T, Optional<T> vs. Void, Optional<Void>

Question

// this declaration / definition of variable is OK, as expected
var i = Optional<Int>.None
var j:Int?

// for the next line of code compiler produce a nice warning
// Variable 'v1' inferred to have type 'Optional<Void>' (aka 'Optional<()>'), which may be unexpected
var v1 = Optional<Void>.None

// but the next sentence doesn't produce any warning
var v2:Void?

// nonoptional version produce the warning 'the same way'
// Variable 'v3' inferred to have type '()', which may be unexpected
var v3 = Void()

// but the compiler feels fine with the next
var v4: Void = Void()

What is the difference? Why is Swift compiler always happy if the type is anything else than 'Void' ?

Answer 1

The key word in the warning is "inferred." Swift doesn't like inferring Void because it's usually not what you meant. But if you explicitly ask for it (: Void) then that's fine, and how you would quiet the warning if it's what you mean.

It's important to recognize which types are inferred and which are explicit. To infer is to "deduce or conclude (information) from evidence and reasoning rather than from explicit statements." It is not a synonym for "guess" or "choose." If the type is ambiguous, then the compiler will generate an error. The type must always be well-defined. The question is whether it is explicitly defined, or defined via inference based on explicit information.

This statement has a type inference:

let x = Foo()

The type of Foo() is explicitly known, but the type of x is inferred based on the type of the entire expression (Foo). It's well defined and completely unambiguous, but it's inferred.

This statement has no type inference:

let x: Foo = Foo()

But also, there are no type inferences here:

var x: Foo? = nil
x = Foo()

The type of x (Foo?) in the second line is explicit because it was explicitly defined in the line above.

That's why some of your examples generate warnings (when there is a Void inference) and others do not (when there is only explicit use of Void). Why do we care about inferred Void? Because it can happen by accident very easily, and is almost never useful. For example:

func foo() {}
let x = foo()

This is legal Swift, but it generates an "inferred to have type '()'" warning. This is a very easy error to make. You'd like a warning at least if you try to assign the result of something that doesn't return a result.
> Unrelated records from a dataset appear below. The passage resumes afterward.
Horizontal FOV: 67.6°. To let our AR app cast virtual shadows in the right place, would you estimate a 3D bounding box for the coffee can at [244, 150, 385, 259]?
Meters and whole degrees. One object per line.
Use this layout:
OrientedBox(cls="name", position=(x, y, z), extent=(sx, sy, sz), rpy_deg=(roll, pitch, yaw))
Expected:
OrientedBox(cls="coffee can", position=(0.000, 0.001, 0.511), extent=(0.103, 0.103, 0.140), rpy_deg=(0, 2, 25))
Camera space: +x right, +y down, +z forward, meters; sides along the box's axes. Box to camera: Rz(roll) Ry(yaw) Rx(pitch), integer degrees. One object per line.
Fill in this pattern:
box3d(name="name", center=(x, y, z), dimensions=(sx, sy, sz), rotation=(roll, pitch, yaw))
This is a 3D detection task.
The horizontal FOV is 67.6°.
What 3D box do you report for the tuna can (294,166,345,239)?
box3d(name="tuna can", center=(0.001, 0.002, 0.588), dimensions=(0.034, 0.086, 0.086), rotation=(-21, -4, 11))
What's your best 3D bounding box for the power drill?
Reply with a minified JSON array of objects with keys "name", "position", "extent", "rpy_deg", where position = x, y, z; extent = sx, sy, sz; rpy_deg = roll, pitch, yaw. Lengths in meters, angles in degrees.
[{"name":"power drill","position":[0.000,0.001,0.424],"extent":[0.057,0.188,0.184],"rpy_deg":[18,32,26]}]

So how is it possible that we assign the result of something that doesn't return a result? It's because every function returns a result. We just are allowed to omit that information if the return is Void. It's important to remember that Void does not mean "no type" or "nothing." It is just a typealias for (), which is a tuple of zero elements. It is just as valid a type as Int.

The full form of the above code is:

func foo() -> () { return () }
let x = foo()

This returns the same warning, because it's the same thing. We're allowed to drop the -> () and the return (), but they exist, and so we could assign () to x if we wanted to. But it's incredibly unlikely that we'd want to. We almost certainly made a mistake and the compiler warns us about that. If for some reason we want this behavior, that's fine. It's legal Swift. We just have to be explicit about the type rather than rely on type inference, and the warning will go away:

let x: Void = foo()

Swift is being very consistent in generating warnings in your examples, and you really do want those warnings. It's not arbitrary at all.

---

EDIT: You added different example:

var v = Optional<Void>()

This generates the error: ambiguous use of 'init()'. That's because the compiler isn't certain whether you mean Optional.init() which would be .None, or Optional.init(_ some: ()), which would be .Some(()). Ambiguous types are forbidden, so you get a hard error.

In Swift any value will implicitly convert with it's equivalent 1-tuple. For example, 1 and (1) are different types. The first is an Int and the second is a tuple containing an Int. But Swift will silently convert between these for you (this is why you sometimes see parentheses pop up in surprising places in error messages). So foo() and foo(()) are the same thing. In almost every possible case, that doesn't matter. But in this one case, where the type really is (), that matters and makes things ambiguous.

var i = Optional<Int>()

This unambiguously refers to Optional.init() and returns nil.

Answer 2

The compiler is warning you about the "dummy" type Void, which is actually an alias for an empty tuple (), and which doesn't have too many usages.

If you don't clearly specify that you want your variable to be of type Void, and let the compiler infer the type, it will warn you about this, as it might be you didn't wanted to do this in the first place.

For example:

func doSomething() -> Void {
}

let a = doSomething()

will give you a warning as anyway there's only one possible value doSomething() can return - an empty tuple.

On the other hand,

let a: Void = doSomething()

will not generate a warning as you explicitly tell the compiler that you want a Void variable.